Table 1 illustrates trends in the use of coal and natural gas by the world’s twelve most populous countries (whose combined populations account for more than half the global total and the full spectrum of economic development). Table 2 includes the five much smaller, developed countries that we have used throughout this series as examples of sovereign states farther along in their energy transitions.

The data in both tables are expressed as percentages of the total primary energy use:

Table 1 – Indicators related directly to carbon emissions of the 12 most populous countries

 

Table 2 – Same indicators as in Table 1 for the world and five small, developed countries that are ahead in their energy transitions

BP provides a summary of what it calls Energy Outlook based on present and past performances on its website:

BP Energy Outlook

The Energy Outlook explores the forces shaping the global energy transition out to 2040 and the key uncertainties surrounding that transition. It shows how rising prosperity drives an increase in global energy demand and how that demand will be met over the coming decades through a diverse range of supplies including oil, gas, coal and renewables.
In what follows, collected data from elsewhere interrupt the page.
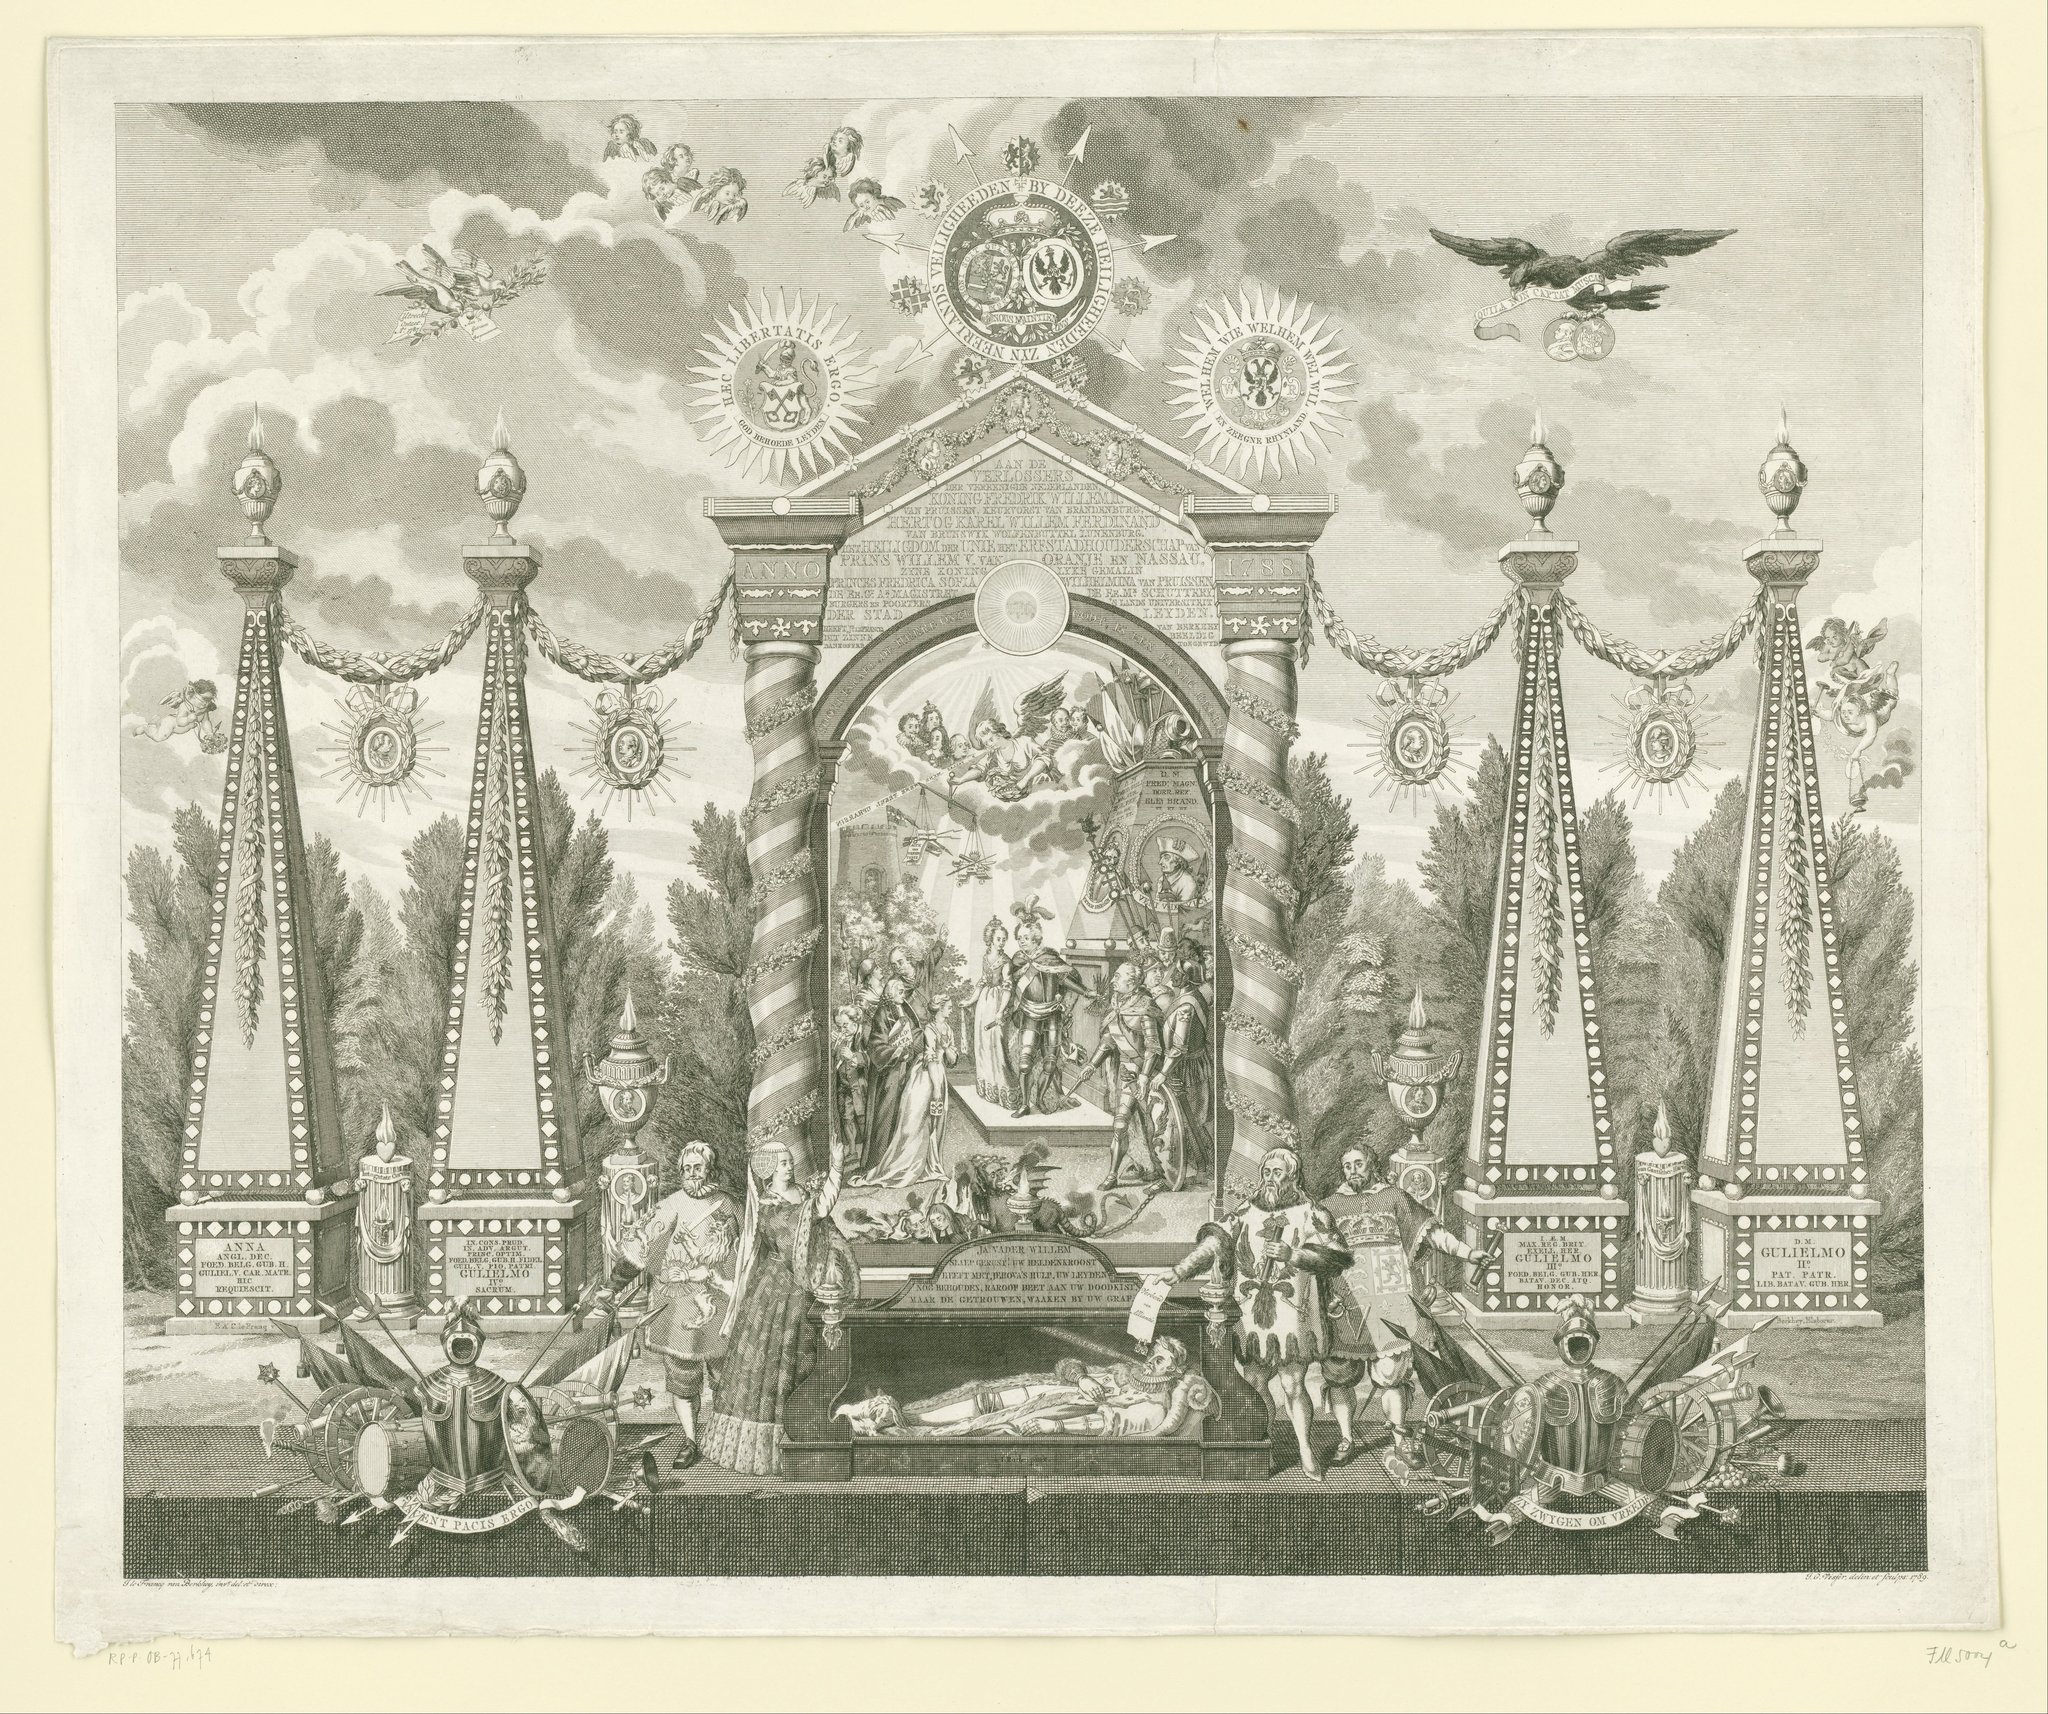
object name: print
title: Allegorie ter ere van de koning van Pruisen voor zijn herstel van het stadhouderschap van Willem V, 1788
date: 1789
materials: paper
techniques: engraving, etching
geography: northern netherlands
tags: william v (prince of orange), frederik willem ii (koning van pruisen), william i (prince of orange), berlin, painter, draughtsman, wilhelmina of prussia (princess of orange), obelisk, needle, grave, tomb, monument, statue, stadtholder
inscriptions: collector's mark: Lugt 2228
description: Allegorie ter ere van de koning van Pruisen voor zijn herstel van het stadhouderschap van Willem V, 1788. Ereboog met prins Willem V en prinses Wilhelmina voor een monument, rechts de koning van Pruisen en de hertog van Brunswijk. Onderaan prins Willem I in zijn graftombe. Aan weerszijden obelisken ter ere van Willem II, III en IV en prinses Anna. Op de voorgrond de herauten van Nederland, 's Lands Unie, Groot-Brittannië en Pruisen en twee wapentrofeeën. Bij de prent behoort een tekstblad.

The speed of the energy transition is uncertain and the new Outlook considers a range of scenarios. Its evolving transition (ET) scenario, which assumes that government policies, technologies and societal preferences evolve in a manner and speed similar to the recent past, expects:

  • Fast growth in developing economies drives up global energy demand a third higher.
  • The global energy mix is the most diverse the world has ever seen by 2040, with oil, gas, coal and non-fossil fuels each contributing around 25%.
  • Renewables are by far the fastest-growing fuel source, increasing five-fold and providing around 14% of primary energy.
  • Demand for oil grows over much of Outlook period before plateauing in the later years.
  • Natural gas demand grows strongly and overtakes coal as the second largest source of energy.
  • Oil and gas together account for over half of the world’s energy
  • Global coal consumption flat lines with Chinese coal consumption seeming increasingly likely to have plateaued.
  • The number of electric cars grows to around 15% of the cars, but because of the much higher intensity with which they are used, account for 30% of passenger vehicle kilometers.
  • Carbon emissions continue to rise, signaling the need for a comprehensive set of actions to achieve a decisive break from the past.

Looking forward to 2040

  • Extending the Energy Outlook by five years to 2040, compared with previous editions, highlights several key trends.
  • For example, in the ET scenario, there are nearly 190 million electric cars by 2035, higher than the base case in last year’s Outlook of 100 million. The stock of electric cars is projected to increase by a further 130 million in the subsequent five years, reaching around 320 million by 2040.
  • Another trend that comes into sharper focus by moving out to 2040 is the shift from China to India as the primary driver of global energy demand. The progressively smaller increments in China’s energy demand – as its economic growth slows and energy intensity declines – contrasts with the continuing growth in India, such that between 2035 and 2040, India’s demand growth is more than 2.5 times that of China, representing more than a third of the global increase.
  • Africa’s contribution to global energy consumption also becomes more material towards the end of the Outlook, with Africa accounting for around 20% of the global increase during 2035-2040; greater than that of China.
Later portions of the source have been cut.